Problem requirements: Without including the images, transcribe each record precisely as it appears below.

Extracted records:
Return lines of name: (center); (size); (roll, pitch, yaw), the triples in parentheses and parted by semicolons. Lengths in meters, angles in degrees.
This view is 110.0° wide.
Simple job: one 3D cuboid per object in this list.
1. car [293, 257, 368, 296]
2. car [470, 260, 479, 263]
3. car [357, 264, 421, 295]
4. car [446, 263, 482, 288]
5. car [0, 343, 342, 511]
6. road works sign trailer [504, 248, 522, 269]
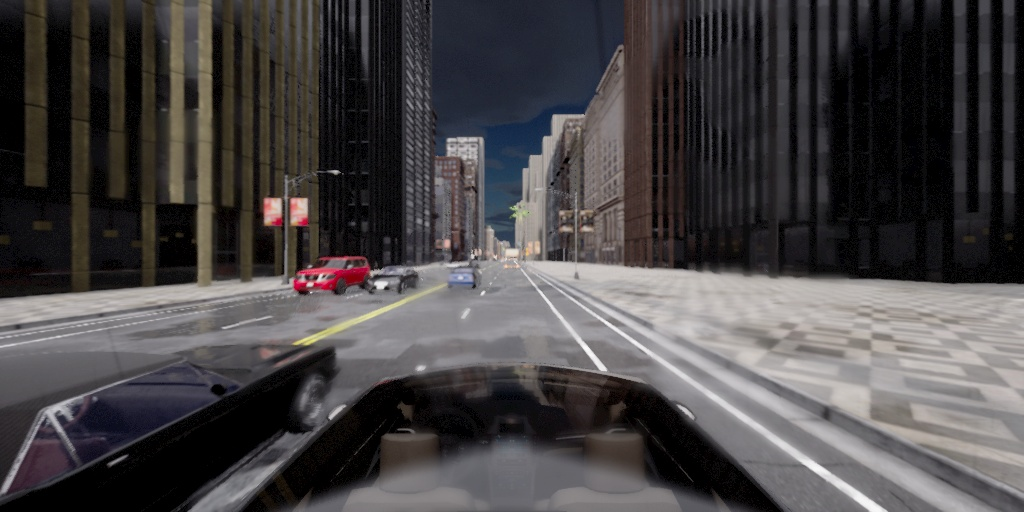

Response to this exercise:
Return lines of name: (center); (size); (roll, pitch, yaw), the triples in parentheses and parted by semicolons. Lengths in meters, angles in degrees.
This view is 110.0° wide.
Simple job: one 3D cuboid per object in this list.
1. car [293, 257, 368, 296]
2. car [470, 260, 479, 263]
3. car [357, 264, 421, 295]
4. car [446, 263, 482, 288]
5. car [0, 343, 342, 511]
6. road works sign trailer [504, 248, 522, 269]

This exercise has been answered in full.